■ **THE TASK**:
Set down again exactly the lines of the listing below that fall between the line holding "Format: an INI" and the line holding "HFOV 60.0°. A", inclusive.
──────────
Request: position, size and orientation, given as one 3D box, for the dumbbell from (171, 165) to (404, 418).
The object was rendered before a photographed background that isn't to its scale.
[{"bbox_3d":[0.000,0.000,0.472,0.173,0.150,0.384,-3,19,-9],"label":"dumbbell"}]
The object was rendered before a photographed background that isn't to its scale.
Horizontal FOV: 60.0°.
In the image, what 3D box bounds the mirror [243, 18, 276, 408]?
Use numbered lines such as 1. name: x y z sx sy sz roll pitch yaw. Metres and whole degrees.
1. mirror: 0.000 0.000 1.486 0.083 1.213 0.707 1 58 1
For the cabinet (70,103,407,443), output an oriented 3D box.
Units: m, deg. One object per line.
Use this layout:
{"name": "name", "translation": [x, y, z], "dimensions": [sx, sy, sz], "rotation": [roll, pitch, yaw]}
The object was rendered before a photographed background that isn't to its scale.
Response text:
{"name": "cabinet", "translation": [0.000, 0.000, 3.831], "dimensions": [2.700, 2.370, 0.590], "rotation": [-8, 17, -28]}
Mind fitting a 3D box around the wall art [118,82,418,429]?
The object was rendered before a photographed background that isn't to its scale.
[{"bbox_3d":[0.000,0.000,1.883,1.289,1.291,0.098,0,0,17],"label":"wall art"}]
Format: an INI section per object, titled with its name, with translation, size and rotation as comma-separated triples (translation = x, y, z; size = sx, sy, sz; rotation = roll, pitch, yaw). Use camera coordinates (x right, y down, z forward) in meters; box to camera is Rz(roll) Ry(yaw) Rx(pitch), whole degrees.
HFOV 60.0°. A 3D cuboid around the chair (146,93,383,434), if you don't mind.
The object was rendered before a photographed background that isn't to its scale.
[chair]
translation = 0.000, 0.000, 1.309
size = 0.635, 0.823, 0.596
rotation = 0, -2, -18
──────────
■ **RESULT BELOW**:
Format: an INI section per object, titled with its name, with translation, size and rotation as comma-separated triples (translation = x, y, z; size = sx, sy, sz; rotation = roll, pitch, yaw). Use camera coordinates (x right, y down, z forward) in meters; box to camera is Rz(roll) Ry(yaw) Rx(pitch), whole degrees.
HFOV 60.0°. A 3D cuboid around the chair (146,93,383,434), if you don't mind.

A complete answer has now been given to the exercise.